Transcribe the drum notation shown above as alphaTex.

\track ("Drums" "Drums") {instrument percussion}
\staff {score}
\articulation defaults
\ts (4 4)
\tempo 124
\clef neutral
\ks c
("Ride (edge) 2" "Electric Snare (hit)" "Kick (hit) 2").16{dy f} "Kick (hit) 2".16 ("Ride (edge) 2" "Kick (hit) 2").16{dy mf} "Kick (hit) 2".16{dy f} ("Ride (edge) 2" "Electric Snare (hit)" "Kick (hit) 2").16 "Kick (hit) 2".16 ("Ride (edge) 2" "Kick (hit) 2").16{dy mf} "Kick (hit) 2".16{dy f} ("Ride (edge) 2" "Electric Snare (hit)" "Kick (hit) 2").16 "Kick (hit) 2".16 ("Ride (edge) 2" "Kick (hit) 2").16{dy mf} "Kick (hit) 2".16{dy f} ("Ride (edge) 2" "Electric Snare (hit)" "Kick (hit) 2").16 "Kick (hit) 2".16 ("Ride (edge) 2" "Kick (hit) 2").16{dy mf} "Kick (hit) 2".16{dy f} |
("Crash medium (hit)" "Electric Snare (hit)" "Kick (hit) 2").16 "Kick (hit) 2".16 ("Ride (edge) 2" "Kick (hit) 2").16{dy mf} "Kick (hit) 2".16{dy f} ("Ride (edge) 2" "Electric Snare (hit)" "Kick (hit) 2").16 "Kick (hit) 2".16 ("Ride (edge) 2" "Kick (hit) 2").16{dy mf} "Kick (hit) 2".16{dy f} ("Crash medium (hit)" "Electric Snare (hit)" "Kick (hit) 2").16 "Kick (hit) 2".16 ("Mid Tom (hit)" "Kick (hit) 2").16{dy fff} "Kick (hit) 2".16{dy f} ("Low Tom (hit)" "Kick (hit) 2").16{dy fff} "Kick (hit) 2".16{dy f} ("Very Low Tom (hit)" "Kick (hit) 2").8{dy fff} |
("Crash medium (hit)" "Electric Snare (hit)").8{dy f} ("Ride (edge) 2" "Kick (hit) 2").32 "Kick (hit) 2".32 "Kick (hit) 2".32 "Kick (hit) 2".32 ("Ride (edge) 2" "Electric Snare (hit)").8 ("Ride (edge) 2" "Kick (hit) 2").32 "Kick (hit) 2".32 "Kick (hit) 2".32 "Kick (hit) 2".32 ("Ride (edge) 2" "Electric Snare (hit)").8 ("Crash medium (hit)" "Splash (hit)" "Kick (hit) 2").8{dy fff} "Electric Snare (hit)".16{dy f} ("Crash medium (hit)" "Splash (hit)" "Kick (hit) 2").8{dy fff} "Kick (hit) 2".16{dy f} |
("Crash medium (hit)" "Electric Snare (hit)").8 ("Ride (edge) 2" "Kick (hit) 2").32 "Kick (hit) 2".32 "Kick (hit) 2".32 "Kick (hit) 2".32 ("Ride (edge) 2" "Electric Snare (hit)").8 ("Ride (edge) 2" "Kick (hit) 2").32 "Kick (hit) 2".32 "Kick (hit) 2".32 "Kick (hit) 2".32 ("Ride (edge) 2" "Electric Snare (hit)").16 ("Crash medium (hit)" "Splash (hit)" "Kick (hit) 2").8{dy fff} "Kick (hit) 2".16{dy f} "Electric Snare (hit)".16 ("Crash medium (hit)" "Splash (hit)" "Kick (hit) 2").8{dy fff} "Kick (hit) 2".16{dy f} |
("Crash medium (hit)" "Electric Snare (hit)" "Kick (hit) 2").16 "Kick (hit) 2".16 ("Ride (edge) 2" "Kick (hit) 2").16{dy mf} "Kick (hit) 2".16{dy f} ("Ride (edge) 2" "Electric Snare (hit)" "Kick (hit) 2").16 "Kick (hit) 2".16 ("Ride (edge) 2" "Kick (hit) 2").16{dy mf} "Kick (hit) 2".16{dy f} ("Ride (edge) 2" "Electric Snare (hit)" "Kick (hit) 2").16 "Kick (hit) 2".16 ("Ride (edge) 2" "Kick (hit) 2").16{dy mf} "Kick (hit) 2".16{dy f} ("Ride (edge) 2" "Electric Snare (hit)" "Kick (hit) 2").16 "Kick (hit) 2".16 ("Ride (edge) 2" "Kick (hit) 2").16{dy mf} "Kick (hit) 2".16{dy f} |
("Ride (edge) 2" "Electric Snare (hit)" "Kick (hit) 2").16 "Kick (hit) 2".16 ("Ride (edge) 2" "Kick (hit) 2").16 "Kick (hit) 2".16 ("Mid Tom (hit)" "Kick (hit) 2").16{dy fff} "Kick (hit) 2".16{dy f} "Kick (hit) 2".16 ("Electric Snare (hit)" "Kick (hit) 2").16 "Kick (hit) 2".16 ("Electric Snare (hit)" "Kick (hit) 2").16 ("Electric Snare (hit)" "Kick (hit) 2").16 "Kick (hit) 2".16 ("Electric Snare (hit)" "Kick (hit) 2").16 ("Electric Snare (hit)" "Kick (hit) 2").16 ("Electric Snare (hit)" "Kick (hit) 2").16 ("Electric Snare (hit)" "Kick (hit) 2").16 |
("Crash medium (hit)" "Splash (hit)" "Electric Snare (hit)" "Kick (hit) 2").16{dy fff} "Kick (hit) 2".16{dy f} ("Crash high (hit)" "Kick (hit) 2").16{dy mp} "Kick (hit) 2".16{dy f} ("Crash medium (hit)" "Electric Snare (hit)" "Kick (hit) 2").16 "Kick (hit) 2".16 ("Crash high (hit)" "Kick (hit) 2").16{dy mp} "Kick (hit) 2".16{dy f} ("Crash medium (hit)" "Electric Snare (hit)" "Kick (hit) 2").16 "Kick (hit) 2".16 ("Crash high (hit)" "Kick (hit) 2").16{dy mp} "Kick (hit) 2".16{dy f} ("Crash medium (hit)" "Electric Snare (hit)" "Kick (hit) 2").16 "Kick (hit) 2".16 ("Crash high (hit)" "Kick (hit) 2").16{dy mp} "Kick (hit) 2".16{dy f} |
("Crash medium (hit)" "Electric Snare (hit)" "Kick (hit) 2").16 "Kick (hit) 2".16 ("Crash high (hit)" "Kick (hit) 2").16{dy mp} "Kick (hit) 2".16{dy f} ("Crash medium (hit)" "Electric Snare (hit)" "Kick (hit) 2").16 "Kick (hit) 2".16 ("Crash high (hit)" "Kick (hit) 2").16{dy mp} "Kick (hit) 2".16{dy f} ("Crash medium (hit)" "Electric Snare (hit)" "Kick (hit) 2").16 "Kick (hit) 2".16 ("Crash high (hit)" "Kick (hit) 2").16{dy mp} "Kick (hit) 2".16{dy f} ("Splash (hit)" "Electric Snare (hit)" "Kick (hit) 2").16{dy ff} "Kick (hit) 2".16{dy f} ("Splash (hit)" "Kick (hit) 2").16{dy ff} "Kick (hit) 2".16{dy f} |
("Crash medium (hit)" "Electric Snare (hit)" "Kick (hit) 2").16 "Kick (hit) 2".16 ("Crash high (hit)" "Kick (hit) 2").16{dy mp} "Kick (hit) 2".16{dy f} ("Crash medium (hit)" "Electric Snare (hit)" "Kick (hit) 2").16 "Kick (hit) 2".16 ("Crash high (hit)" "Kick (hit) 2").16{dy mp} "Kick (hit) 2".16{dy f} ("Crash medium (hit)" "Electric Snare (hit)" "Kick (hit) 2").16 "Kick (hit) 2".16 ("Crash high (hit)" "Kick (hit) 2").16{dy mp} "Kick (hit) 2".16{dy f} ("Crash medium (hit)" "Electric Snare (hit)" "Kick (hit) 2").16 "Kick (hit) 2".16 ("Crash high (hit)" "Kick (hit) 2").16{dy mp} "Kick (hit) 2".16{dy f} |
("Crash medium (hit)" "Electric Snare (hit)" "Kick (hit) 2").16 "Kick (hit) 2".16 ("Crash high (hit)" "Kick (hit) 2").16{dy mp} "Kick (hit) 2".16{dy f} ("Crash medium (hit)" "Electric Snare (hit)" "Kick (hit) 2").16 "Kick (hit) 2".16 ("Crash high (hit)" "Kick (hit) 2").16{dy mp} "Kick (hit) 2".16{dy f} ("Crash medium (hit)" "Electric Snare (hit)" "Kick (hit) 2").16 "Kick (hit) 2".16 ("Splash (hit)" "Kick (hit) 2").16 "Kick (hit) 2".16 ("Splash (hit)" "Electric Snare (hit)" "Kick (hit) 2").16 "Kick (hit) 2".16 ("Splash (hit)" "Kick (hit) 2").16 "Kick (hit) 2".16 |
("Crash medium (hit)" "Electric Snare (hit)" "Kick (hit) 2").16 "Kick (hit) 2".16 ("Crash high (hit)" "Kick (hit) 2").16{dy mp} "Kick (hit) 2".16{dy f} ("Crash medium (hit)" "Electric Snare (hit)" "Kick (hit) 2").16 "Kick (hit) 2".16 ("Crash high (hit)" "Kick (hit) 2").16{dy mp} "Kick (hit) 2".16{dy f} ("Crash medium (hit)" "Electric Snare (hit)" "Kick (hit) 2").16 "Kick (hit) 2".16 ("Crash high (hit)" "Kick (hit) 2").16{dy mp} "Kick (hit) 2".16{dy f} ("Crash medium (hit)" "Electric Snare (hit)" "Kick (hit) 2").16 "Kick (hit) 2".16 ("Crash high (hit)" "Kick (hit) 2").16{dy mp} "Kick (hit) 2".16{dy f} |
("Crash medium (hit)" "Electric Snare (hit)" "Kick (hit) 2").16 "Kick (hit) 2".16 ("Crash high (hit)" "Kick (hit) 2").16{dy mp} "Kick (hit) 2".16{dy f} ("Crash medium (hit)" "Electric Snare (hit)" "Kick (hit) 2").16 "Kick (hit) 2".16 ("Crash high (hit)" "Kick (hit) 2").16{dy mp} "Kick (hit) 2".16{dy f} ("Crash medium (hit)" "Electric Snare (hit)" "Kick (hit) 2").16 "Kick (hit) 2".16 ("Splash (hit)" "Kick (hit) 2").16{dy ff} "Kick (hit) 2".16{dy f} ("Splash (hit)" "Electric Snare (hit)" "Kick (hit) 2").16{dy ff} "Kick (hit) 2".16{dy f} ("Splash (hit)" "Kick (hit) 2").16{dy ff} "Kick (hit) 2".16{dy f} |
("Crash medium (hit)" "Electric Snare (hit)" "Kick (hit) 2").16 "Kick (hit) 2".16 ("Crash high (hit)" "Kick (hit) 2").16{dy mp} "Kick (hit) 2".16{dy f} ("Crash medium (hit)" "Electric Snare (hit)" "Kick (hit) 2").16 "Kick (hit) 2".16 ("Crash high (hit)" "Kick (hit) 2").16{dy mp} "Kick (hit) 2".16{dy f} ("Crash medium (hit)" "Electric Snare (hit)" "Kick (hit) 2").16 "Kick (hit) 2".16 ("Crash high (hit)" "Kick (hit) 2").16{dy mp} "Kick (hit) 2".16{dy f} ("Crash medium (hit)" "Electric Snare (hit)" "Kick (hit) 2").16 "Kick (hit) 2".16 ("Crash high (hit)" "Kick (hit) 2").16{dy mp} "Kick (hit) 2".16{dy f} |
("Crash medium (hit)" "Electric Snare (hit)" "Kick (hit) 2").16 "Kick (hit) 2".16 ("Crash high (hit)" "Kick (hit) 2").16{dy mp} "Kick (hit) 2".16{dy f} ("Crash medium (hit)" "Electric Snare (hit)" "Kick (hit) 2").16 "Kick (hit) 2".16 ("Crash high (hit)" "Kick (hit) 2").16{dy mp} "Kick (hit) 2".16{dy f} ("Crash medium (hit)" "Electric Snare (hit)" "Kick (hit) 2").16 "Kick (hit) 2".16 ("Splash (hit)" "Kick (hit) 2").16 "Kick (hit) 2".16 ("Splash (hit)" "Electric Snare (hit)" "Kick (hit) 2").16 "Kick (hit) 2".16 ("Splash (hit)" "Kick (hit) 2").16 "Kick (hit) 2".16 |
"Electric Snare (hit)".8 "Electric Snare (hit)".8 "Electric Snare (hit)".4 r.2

------------------------------------------------

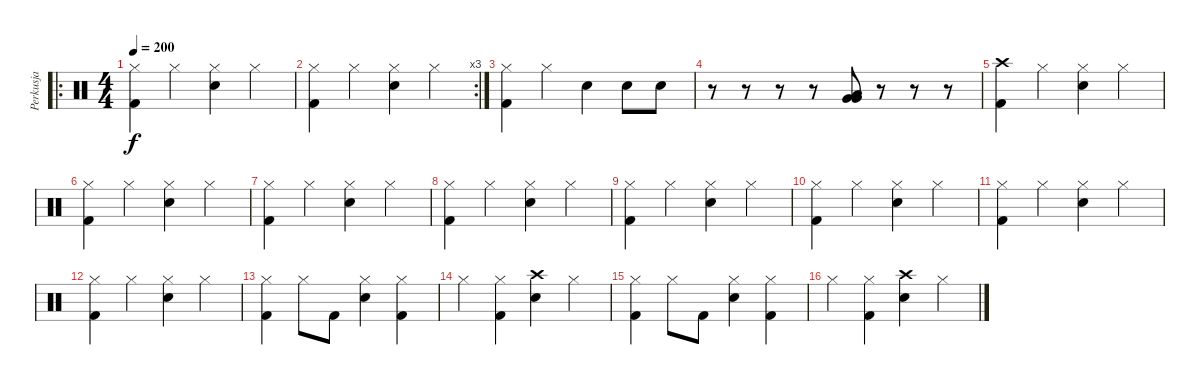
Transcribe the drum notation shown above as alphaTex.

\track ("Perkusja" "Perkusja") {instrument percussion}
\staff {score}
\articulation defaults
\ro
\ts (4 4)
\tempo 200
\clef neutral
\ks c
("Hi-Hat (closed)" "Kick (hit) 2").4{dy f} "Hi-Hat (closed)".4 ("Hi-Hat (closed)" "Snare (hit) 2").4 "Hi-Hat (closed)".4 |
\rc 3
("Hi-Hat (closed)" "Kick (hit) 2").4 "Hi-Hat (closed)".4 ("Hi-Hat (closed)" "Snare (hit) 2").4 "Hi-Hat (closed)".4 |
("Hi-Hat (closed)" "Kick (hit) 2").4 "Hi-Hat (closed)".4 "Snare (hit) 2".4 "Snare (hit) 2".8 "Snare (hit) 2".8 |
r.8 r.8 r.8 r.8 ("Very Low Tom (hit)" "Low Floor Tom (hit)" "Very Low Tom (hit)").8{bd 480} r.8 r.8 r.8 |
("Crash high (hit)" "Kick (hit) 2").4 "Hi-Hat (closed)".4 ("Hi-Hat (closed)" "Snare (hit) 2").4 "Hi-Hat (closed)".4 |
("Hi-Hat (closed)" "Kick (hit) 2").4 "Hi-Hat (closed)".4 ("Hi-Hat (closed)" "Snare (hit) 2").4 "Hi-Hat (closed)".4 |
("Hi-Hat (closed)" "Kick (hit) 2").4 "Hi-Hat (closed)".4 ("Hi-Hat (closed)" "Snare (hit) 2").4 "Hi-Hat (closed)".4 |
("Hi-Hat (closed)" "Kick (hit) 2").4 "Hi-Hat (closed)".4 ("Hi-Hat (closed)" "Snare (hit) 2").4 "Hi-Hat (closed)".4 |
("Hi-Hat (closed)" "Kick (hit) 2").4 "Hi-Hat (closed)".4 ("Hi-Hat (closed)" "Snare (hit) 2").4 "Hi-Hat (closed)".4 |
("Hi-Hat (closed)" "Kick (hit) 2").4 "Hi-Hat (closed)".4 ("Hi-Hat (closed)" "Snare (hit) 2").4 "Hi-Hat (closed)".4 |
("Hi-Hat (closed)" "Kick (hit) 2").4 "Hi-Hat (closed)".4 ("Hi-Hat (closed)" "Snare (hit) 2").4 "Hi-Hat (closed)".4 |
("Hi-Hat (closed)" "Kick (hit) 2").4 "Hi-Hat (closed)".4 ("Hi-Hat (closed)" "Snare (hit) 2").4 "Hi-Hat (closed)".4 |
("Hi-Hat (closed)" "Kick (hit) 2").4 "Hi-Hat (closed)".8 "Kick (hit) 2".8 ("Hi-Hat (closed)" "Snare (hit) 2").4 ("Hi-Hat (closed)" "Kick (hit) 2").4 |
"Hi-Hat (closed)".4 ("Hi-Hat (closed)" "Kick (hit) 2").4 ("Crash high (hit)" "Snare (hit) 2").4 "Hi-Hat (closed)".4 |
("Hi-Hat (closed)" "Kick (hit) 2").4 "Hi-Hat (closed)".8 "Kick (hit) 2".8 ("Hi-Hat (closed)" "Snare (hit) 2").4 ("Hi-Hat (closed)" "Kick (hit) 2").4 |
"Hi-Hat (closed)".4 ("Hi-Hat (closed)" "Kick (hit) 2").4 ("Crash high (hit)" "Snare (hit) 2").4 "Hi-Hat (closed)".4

------------------------------------------------

Required work –
If a line of the records above contains the word "percussion", count it; then give the total and nothing more.

Final answer –
2